* About this task: A faithful copy of every record is needed here. Images must not appear in it.

-*-

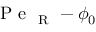Convert formula to latex. <formula><loc_0><loc_0><loc_500><loc_500>P e _ { R } - \phi _ { 0 }</formula> 
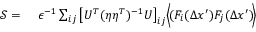<formula> <loc_0><loc_0><loc_500><loc_500>\begin{array} { r l } { \mathcal { S } = } & { \epsilon ^ { - 1 } } \sum _ { i j } \left [ U ^ { T } ( \eta \eta ^ { T } ) ^ { - 1 } U \right ] _ { i j } \left \langle \, ( F _ { i } ( \Delta x ^ { \prime } ) F _ { j } ( \Delta { x } ^ { \prime } ) \, \right \rangle } \end{array}</formula> 
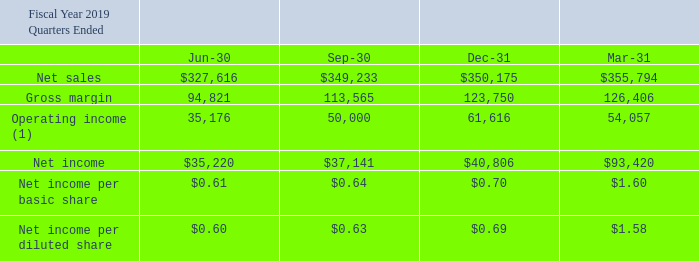Note 16: Quarterly Results of Operations (Unaudited)
The following table sets forth certain quarterly information for fiscal years 2019 and 2018. This information, in the opinion of the Company’s management, reflects all adjustments (consisting only of normal recurring adjustments) necessary to present fairly this information when read in conjunction with the Consolidated Financial Statements and notes thereto included elsewhere herein (amounts in thousands except per share data):
(1) Operating income (loss) as a percentage of net sales fluctuates from quarter to quarter due to a number of factors, including net sales fluctuations, foreign currency exchange, restructuring charges, product mix, the timing and expense of moving product lines to lower-cost locations, the write-down of long lived assets, the net gain/loss on sales and disposals of assets and the relative mix of sales among distributors, original equipment manufacturers, and electronic manufacturing service providers.
What was the net sales for the Jun-30 quarter?
Answer scale should be: thousand. 327,616. What was the gross margin for the Sep-30 quarter?
Answer scale should be: thousand. 113,565. What was the operating income for the Mar-31 quarter?
Answer scale should be: thousand. 54,057. What was the change in the Net sales between the Dec-31 and Mar-31 quarters?
Answer scale should be: thousand. 355,794-350,175
Answer: 5619. Which quarters ended did the Gross Margin exceed $120,000 thousand? (Dec-31:123,750),(Mar-31:126,406)
Answer: dec-31, mar-31. What was the percentage change in the net income between the Jun-30 and Sep-30 quarter?
Answer scale should be: percent. (37,141-35,220)/35,220
Answer: 5.45. 
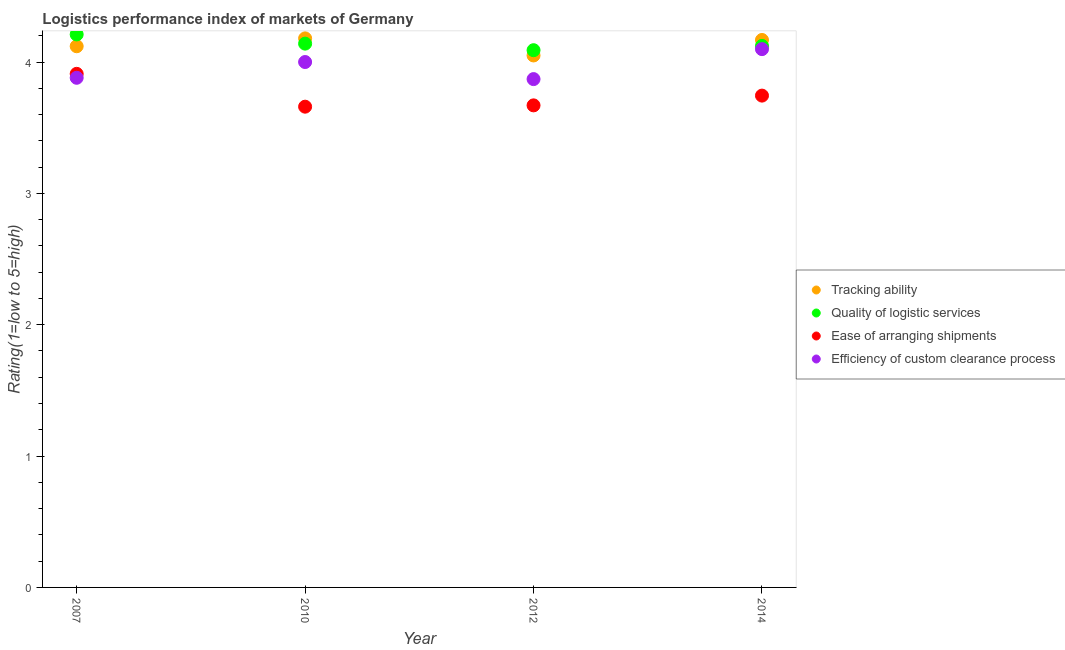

-*-

* Result:
Convert formula to latex. <formula><loc_0><loc_0><loc_500><loc_500>P e _ { R } - \phi _ { 0 }</formula> 
<formula> <loc_0><loc_0><loc_500><loc_500>\begin{array} { r l } { \mathcal { S } = } & { \epsilon ^ { - 1 } } \sum _ { i j } \left [ U ^ { T } ( \eta \eta ^ { T } ) ^ { - 1 } U \right ] _ { i j } \left \langle \, ( F _ { i } ( \Delta x ^ { \prime } ) F _ { j } ( \Delta { x } ^ { \prime } ) \, \right \rangle } \end{array}</formula> 
Note 16: Quarterly Results of Operations (Unaudited)
The following table sets forth certain quarterly information for fiscal years 2019 and 2018. This information, in the opinion of the Company’s management, reflects all adjustments (consisting only of normal recurring adjustments) necessary to present fairly this information when read in conjunction with the Consolidated Financial Statements and notes thereto included elsewhere herein (amounts in thousands except per share data):
(1) Operating income (loss) as a percentage of net sales fluctuates from quarter to quarter due to a number of factors, including net sales fluctuations, foreign currency exchange, restructuring charges, product mix, the timing and expense of moving product lines to lower-cost locations, the write-down of long lived assets, the net gain/loss on sales and disposals of assets and the relative mix of sales among distributors, original equipment manufacturers, and electronic manufacturing service providers.
What was the net sales for the Jun-30 quarter?
Answer scale should be: thousand. 327,616. What was the gross margin for the Sep-30 quarter?
Answer scale should be: thousand. 113,565. What was the operating income for the Mar-31 quarter?
Answer scale should be: thousand. 54,057. What was the change in the Net sales between the Dec-31 and Mar-31 quarters?
Answer scale should be: thousand. 355,794-350,175
Answer: 5619. Which quarters ended did the Gross Margin exceed $120,000 thousand? (Dec-31:123,750),(Mar-31:126,406)
Answer: dec-31, mar-31. What was the percentage change in the net income between the Jun-30 and Sep-30 quarter?
Answer scale should be: percent. (37,141-35,220)/35,220
Answer: 5.45. 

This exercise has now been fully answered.